⟨

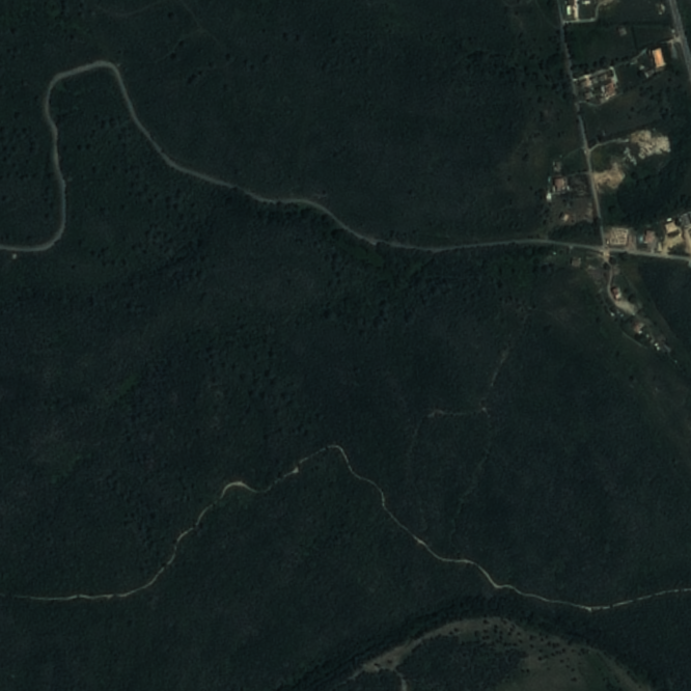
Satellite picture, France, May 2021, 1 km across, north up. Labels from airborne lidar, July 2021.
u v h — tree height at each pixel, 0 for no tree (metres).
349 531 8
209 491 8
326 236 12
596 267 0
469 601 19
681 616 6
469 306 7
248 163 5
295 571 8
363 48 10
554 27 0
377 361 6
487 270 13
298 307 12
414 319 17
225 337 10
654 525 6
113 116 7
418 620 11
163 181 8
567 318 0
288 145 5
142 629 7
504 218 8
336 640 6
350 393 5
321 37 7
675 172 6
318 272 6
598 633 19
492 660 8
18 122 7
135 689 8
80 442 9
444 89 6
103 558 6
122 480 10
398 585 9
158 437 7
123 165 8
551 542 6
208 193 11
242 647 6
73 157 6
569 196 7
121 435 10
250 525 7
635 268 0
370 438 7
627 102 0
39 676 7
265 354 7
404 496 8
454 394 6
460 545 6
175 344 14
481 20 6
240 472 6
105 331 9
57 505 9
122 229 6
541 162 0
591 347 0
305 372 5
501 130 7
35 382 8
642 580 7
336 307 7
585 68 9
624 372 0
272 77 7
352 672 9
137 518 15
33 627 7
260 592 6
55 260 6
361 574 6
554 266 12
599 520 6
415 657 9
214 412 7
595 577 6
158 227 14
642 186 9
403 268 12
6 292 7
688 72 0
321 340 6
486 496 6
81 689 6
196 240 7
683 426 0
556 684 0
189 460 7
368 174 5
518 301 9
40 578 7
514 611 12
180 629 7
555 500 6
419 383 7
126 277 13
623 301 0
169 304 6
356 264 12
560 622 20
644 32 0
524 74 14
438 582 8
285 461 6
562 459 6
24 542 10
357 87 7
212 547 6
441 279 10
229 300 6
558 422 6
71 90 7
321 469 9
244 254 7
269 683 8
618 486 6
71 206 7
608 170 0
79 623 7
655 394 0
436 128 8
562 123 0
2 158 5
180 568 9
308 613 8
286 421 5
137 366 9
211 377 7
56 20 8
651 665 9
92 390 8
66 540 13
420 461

⟩

> [WHAT YOU HAVE TO DO]: An exact copy of the entries above is required, with the pictures left out.

> [THE ANSWER]:
Satellite picture, France, May 2021, 1 km across, north up. Labels from airborne lidar, July 2021.
u v h — tree height at each pixel, 0 for no tree (metres).
349 531 8
209 491 8
326 236 12
596 267 0
469 601 19
681 616 6
469 306 7
248 163 5
295 571 8
363 48 10
554 27 0
377 361 6
487 270 13
298 307 12
414 319 17
225 337 10
654 525 6
113 116 7
418 620 11
163 181 8
567 318 0
288 145 5
142 629 7
504 218 8
336 640 6
350 393 5
321 37 7
675 172 6
318 272 6
598 633 19
492 660 8
18 122 7
135 689 8
80 442 9
444 89 6
103 558 6
122 480 10
398 585 9
158 437 7
123 165 8
551 542 6
208 193 11
242 647 6
73 157 6
569 196 7
121 435 10
250 525 7
635 268 0
370 438 7
627 102 0
39 676 7
265 354 7
404 496 8
454 394 6
460 545 6
175 344 14
481 20 6
240 472 6
105 331 9
57 505 9
122 229 6
541 162 0
591 347 0
305 372 5
501 130 7
35 382 8
642 580 7
336 307 7
585 68 9
624 372 0
272 77 7
352 672 9
137 518 15
33 627 7
260 592 6
55 260 6
361 574 6
554 266 12
599 520 6
415 657 9
214 412 7
595 577 6
158 227 14
642 186 9
403 268 12
6 292 7
688 72 0
321 340 6
486 496 6
81 689 6
196 240 7
683 426 0
556 684 0
189 460 7
368 174 5
518 301 9
40 578 7
514 611 12
180 629 7
555 500 6
419 383 7
126 277 13
623 301 0
169 304 6
356 264 12
560 622 20
644 32 0
524 74 14
438 582 8
285 461 6
562 459 6
24 542 10
357 87 7
212 547 6
441 279 10
229 300 6
558 422 6
71 90 7
321 469 9
244 254 7
269 683 8
618 486 6
71 206 7
608 170 0
79 623 7
655 394 0
436 128 8
562 123 0
2 158 5
180 568 9
308 613 8
286 421 5
137 366 9
211 377 7
56 20 8
651 665 9
92 390 8
66 540 13
420 461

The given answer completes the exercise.